Exercise goal: Within the listing below, how many lines contain the word "yield"? Answer with the number only.

─── Extracted data

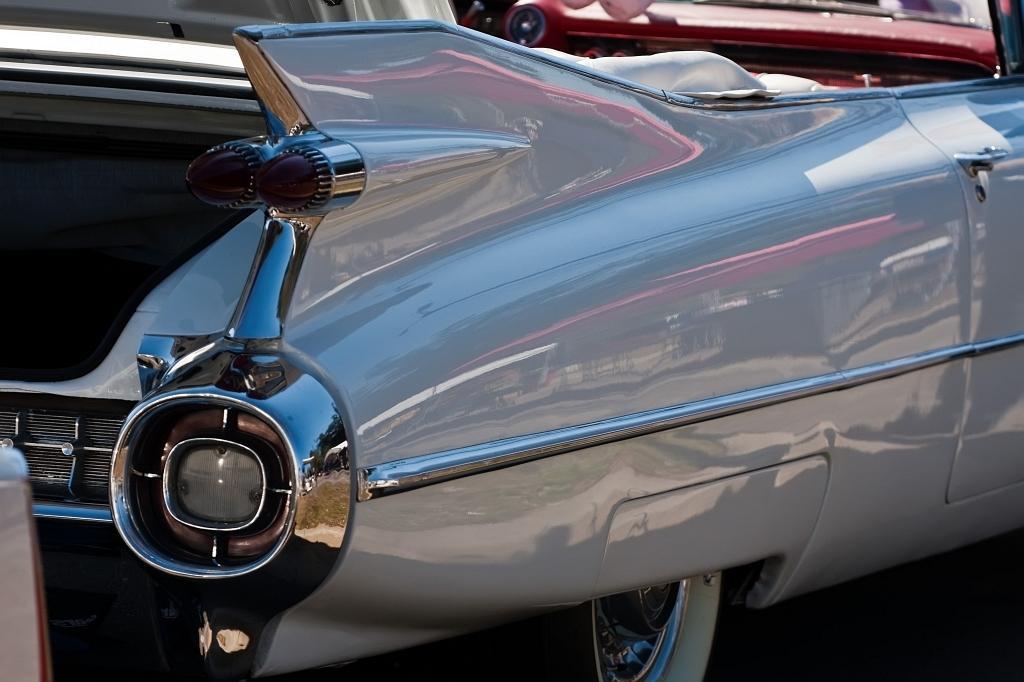In one or two sentences, can you explain what this image depicts? In this picture we can see a few vehicles. We can see the reflections of a few objects on the grey object. 
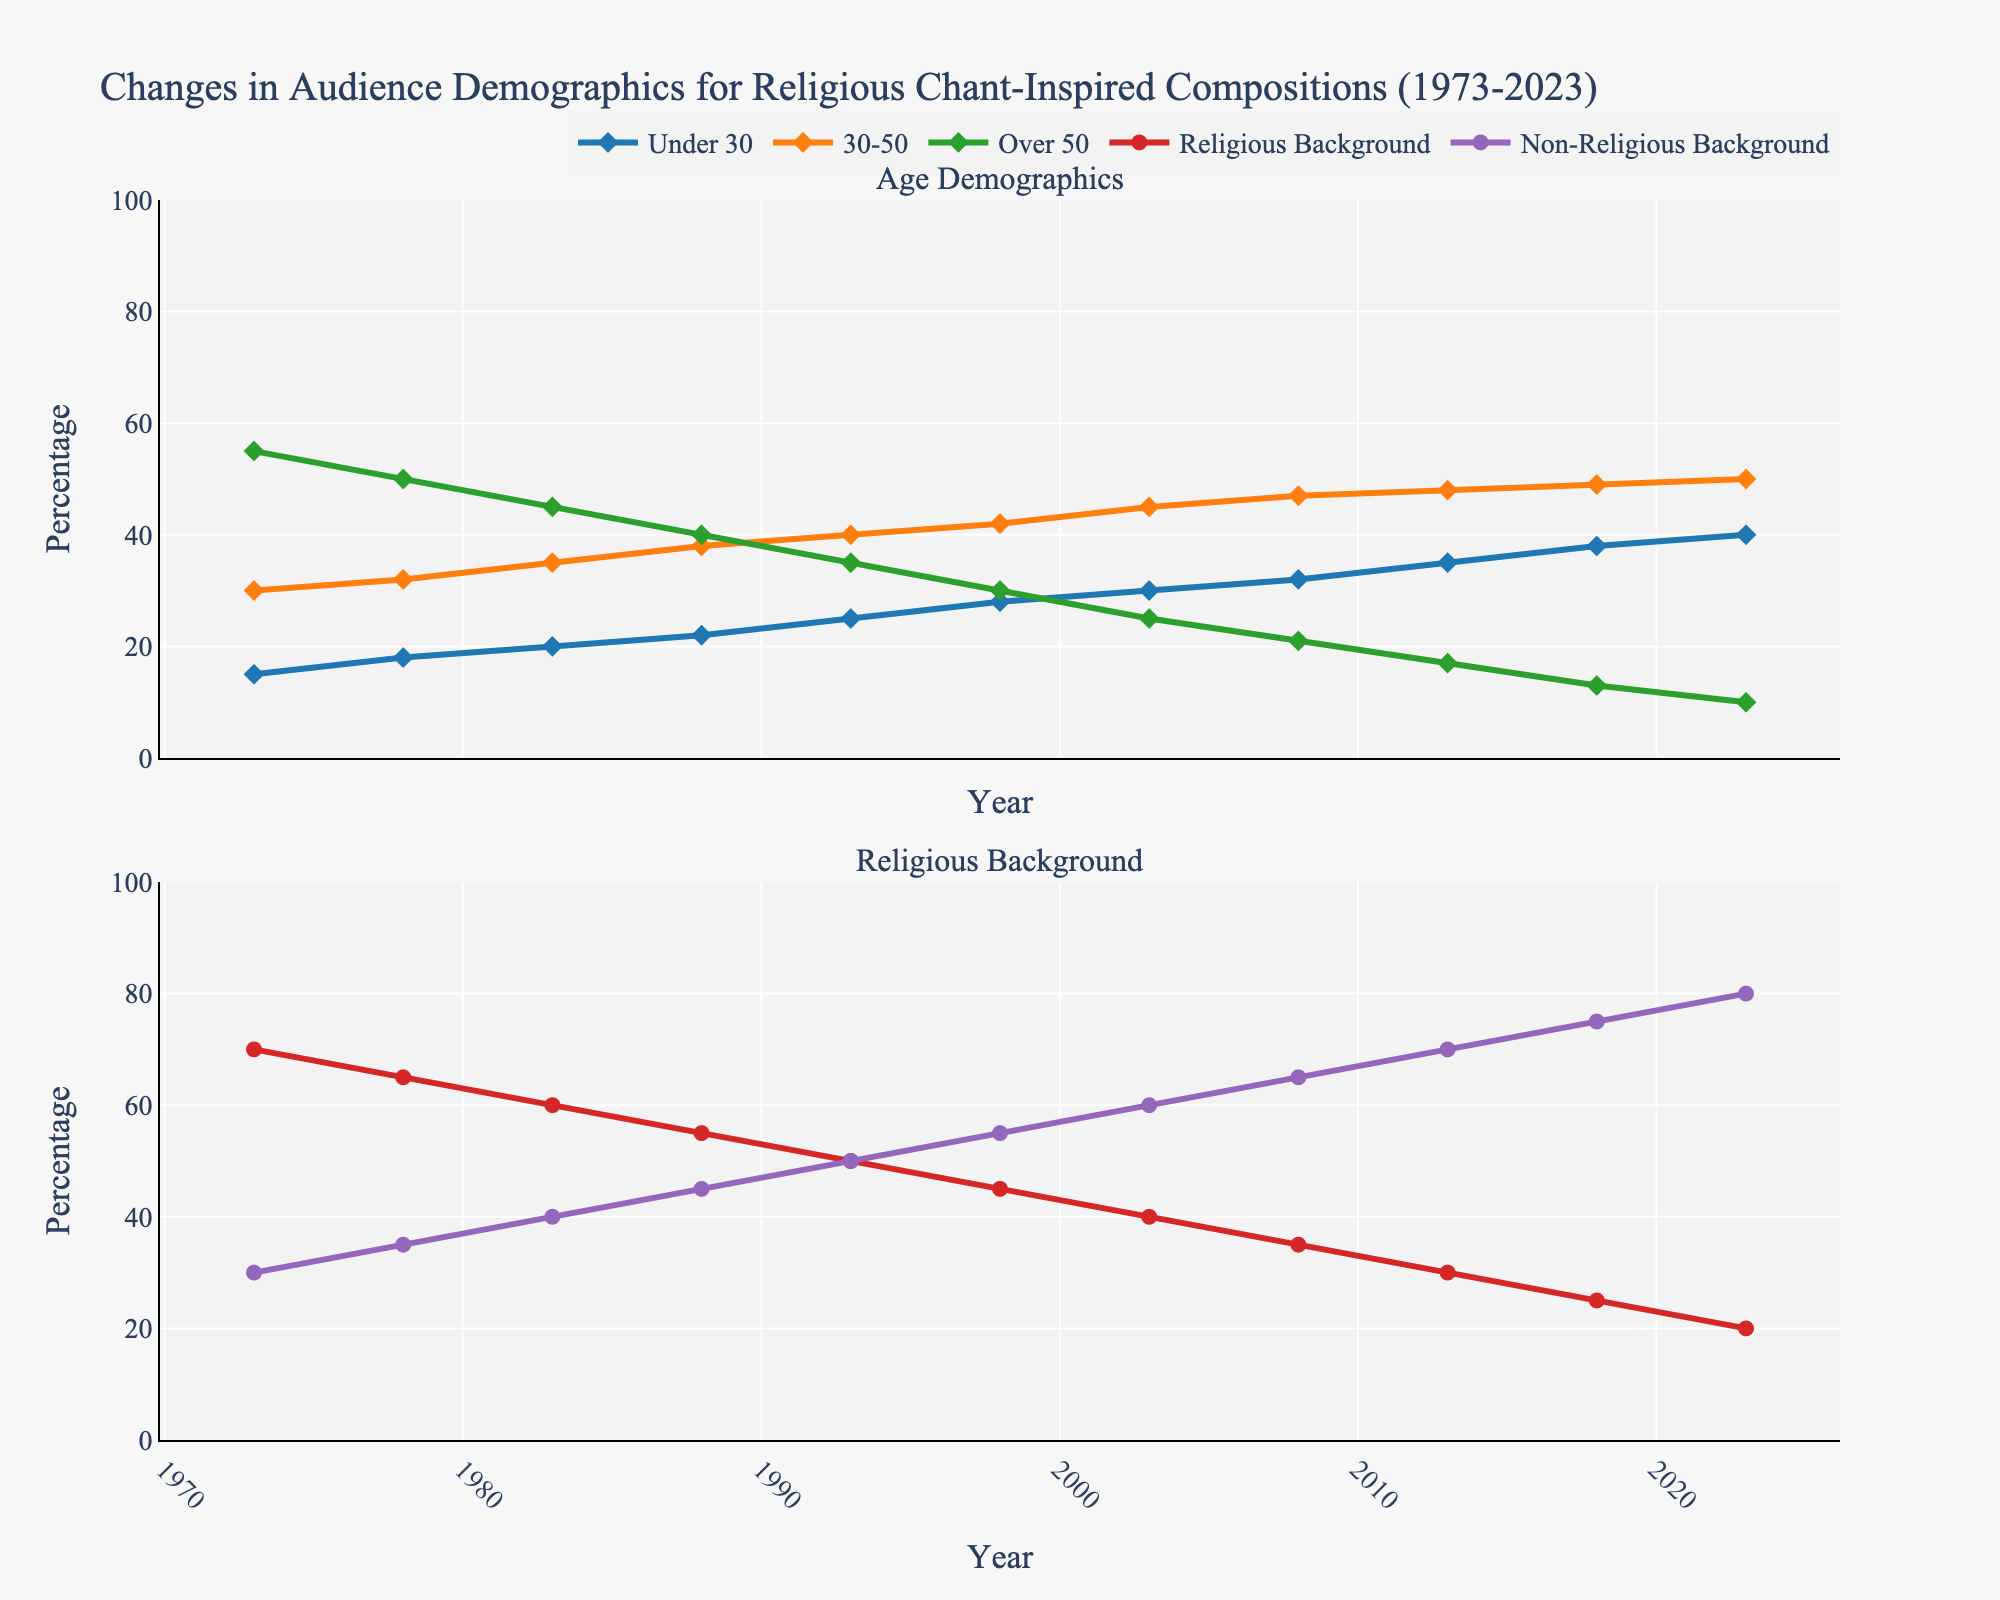What percentage of the audience was under 30 in 2018? The relevant line for the age group "Under 30" shows data points. Check the value corresponding to the year 2018.
Answer: 38 How has the composition of the 30-50 age group changed from 1973 to 2023? Compare the percentage values for the "30-50" category in the years 1973 and 2023 using the chart lines.
Answer: Increased from 30 to 50 Which audience group had the highest percentage in 1973? Look at the starting values for all age and background groups in 1973 and identify the highest value.
Answer: Over 50 Is the percentage of the audience from a non-religious background in 2008 higher or lower than in 1988? Compare the values of the "Non-Religious Background" category for the years 1988 and 2008.
Answer: Higher What is the average percentage of audiences under 30 from 1973 to 2023? Add up the values for "Under 30" from each year and divide by the number of years (11).
Answer: (15 + 18 + 20 + 22 + 25 + 28 + 30 + 32 + 35 + 38 + 40) / 11 = 28.64 What can be inferred about the trend of audiences with a religious background from 1973 to 2023? Observe the trend line for "Religious Background" across the years and see if it is increasing or decreasing.
Answer: Decreasing In which year did the percentage of the "30-50" age group surpass that of the "Over 50" group? Identify the year when the value for the "30-50" line first exceeds the value for the "Over 50" line.
Answer: 1993 How much has the percentage of the audience over 50 decreased from 1983 to 2023? Subtract the value for "Over 50" in 2023 from its value in 1983.
Answer: 45 - 10 = 35 By how much did the percentage of audiences from a non-religious background increase from 1973 to 2023? Subtract the value in 1973 for "Non-Religious Background" from its value in 2023.
Answer: 80 - 30 = 50 Which group saw an increase in percentage every decade from 1973 to 2023? Examine each group and check which one consistently increases across each decade.
Answer: Non-Religious Background 
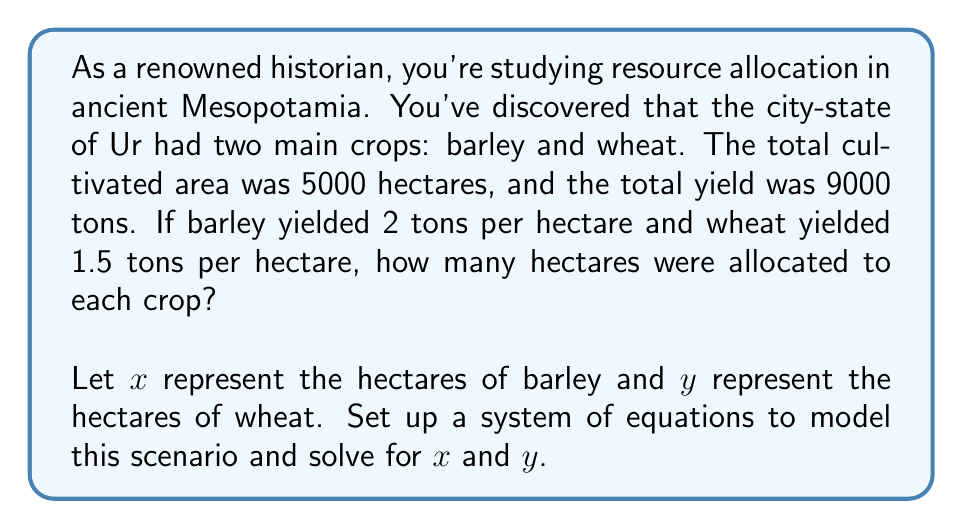Help me with this question. To solve this problem, we need to set up a system of two equations based on the given information:

1. Total area equation:
   $x + y = 5000$ (total cultivated area in hectares)

2. Total yield equation:
   $2x + 1.5y = 9000$ (total yield in tons)

Now, let's solve this system of equations using the substitution method:

1. From the first equation, express $y$ in terms of $x$:
   $y = 5000 - x$

2. Substitute this expression for $y$ into the second equation:
   $2x + 1.5(5000 - x) = 9000$

3. Simplify:
   $2x + 7500 - 1.5x = 9000$
   $0.5x + 7500 = 9000$

4. Subtract 7500 from both sides:
   $0.5x = 1500$

5. Multiply both sides by 2:
   $x = 3000$

6. Now that we know $x$, we can find $y$ using the first equation:
   $y = 5000 - x = 5000 - 3000 = 2000$

Therefore, 3000 hectares were allocated to barley and 2000 hectares to wheat.

To verify:
- Total area: $3000 + 2000 = 5000$ hectares (✓)
- Total yield: $(2 \times 3000) + (1.5 \times 2000) = 6000 + 3000 = 9000$ tons (✓)
Answer: Barley: 3000 hectares
Wheat: 2000 hectares 
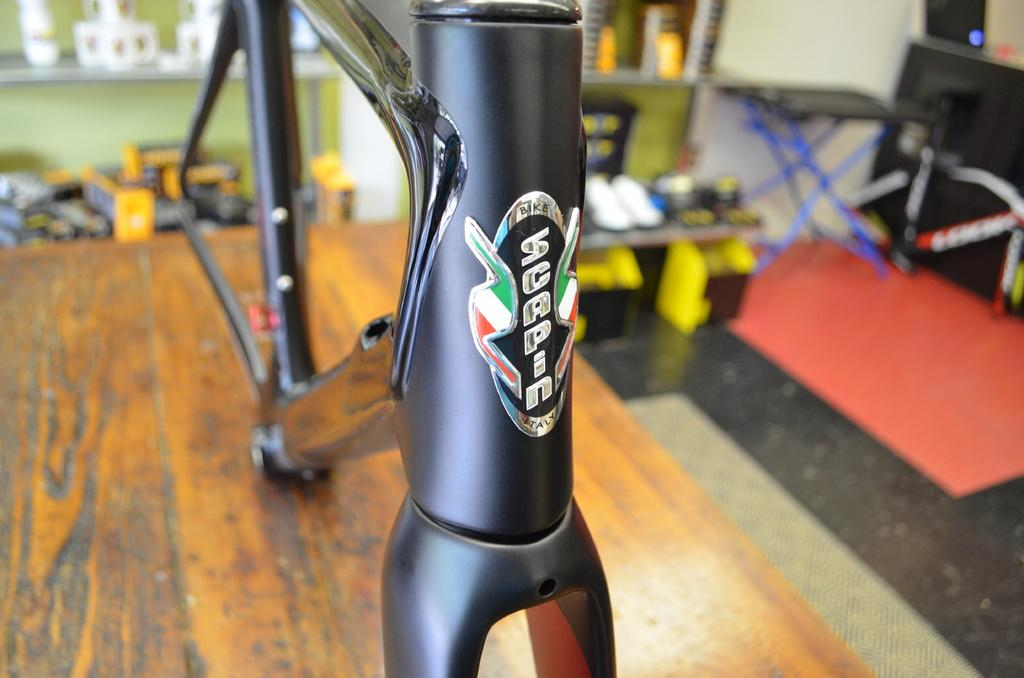What type of furniture is present in the image? There is a table in the image. What is placed on the table? There is a metal object on the table. What can be seen in the background of the image? There is a rack in the background of the image. What is on the rack? There are items on the rack. Can you describe the arrangement of the furniture in the image? There is another table beside the rack. How does the representative use the metal object to make a payment in the image? There is no representative or payment activity present in the image; it only features a table, a metal object, a rack, and items on the rack. 
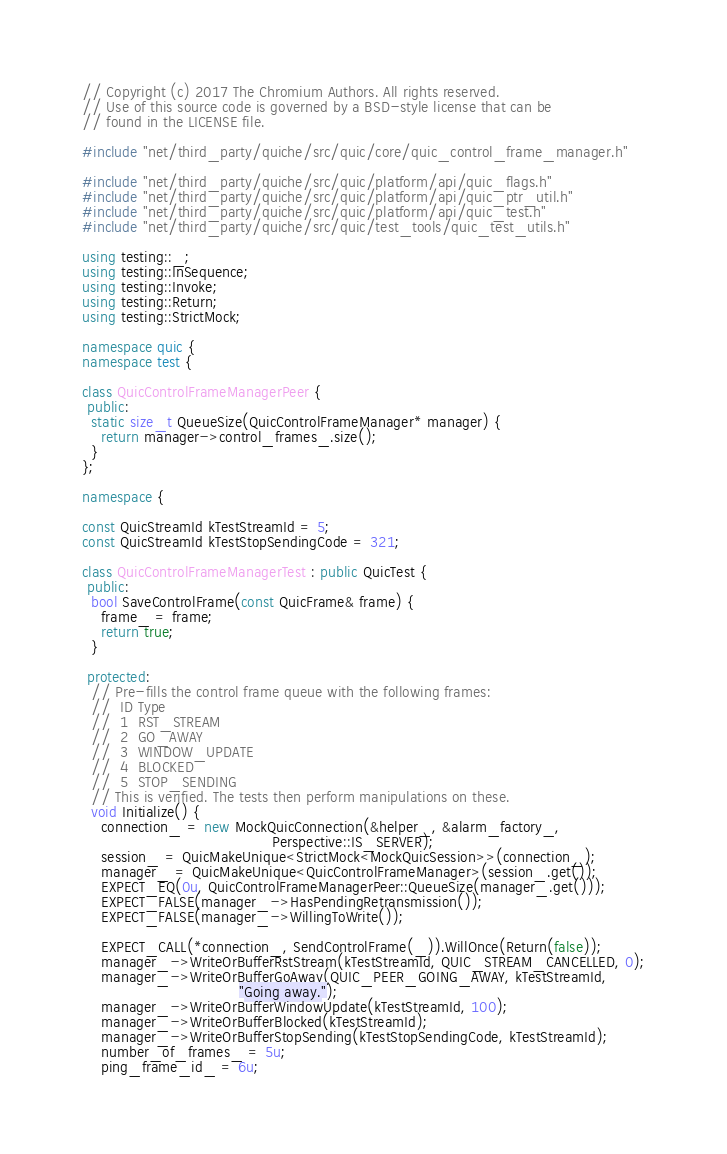Convert code to text. <code><loc_0><loc_0><loc_500><loc_500><_C++_>// Copyright (c) 2017 The Chromium Authors. All rights reserved.
// Use of this source code is governed by a BSD-style license that can be
// found in the LICENSE file.

#include "net/third_party/quiche/src/quic/core/quic_control_frame_manager.h"

#include "net/third_party/quiche/src/quic/platform/api/quic_flags.h"
#include "net/third_party/quiche/src/quic/platform/api/quic_ptr_util.h"
#include "net/third_party/quiche/src/quic/platform/api/quic_test.h"
#include "net/third_party/quiche/src/quic/test_tools/quic_test_utils.h"

using testing::_;
using testing::InSequence;
using testing::Invoke;
using testing::Return;
using testing::StrictMock;

namespace quic {
namespace test {

class QuicControlFrameManagerPeer {
 public:
  static size_t QueueSize(QuicControlFrameManager* manager) {
    return manager->control_frames_.size();
  }
};

namespace {

const QuicStreamId kTestStreamId = 5;
const QuicStreamId kTestStopSendingCode = 321;

class QuicControlFrameManagerTest : public QuicTest {
 public:
  bool SaveControlFrame(const QuicFrame& frame) {
    frame_ = frame;
    return true;
  }

 protected:
  // Pre-fills the control frame queue with the following frames:
  //  ID Type
  //  1  RST_STREAM
  //  2  GO_AWAY
  //  3  WINDOW_UPDATE
  //  4  BLOCKED
  //  5  STOP_SENDING
  // This is verified. The tests then perform manipulations on these.
  void Initialize() {
    connection_ = new MockQuicConnection(&helper_, &alarm_factory_,
                                         Perspective::IS_SERVER);
    session_ = QuicMakeUnique<StrictMock<MockQuicSession>>(connection_);
    manager_ = QuicMakeUnique<QuicControlFrameManager>(session_.get());
    EXPECT_EQ(0u, QuicControlFrameManagerPeer::QueueSize(manager_.get()));
    EXPECT_FALSE(manager_->HasPendingRetransmission());
    EXPECT_FALSE(manager_->WillingToWrite());

    EXPECT_CALL(*connection_, SendControlFrame(_)).WillOnce(Return(false));
    manager_->WriteOrBufferRstStream(kTestStreamId, QUIC_STREAM_CANCELLED, 0);
    manager_->WriteOrBufferGoAway(QUIC_PEER_GOING_AWAY, kTestStreamId,
                                  "Going away.");
    manager_->WriteOrBufferWindowUpdate(kTestStreamId, 100);
    manager_->WriteOrBufferBlocked(kTestStreamId);
    manager_->WriteOrBufferStopSending(kTestStopSendingCode, kTestStreamId);
    number_of_frames_ = 5u;
    ping_frame_id_ = 6u;</code>

──────

Answer for the task: 3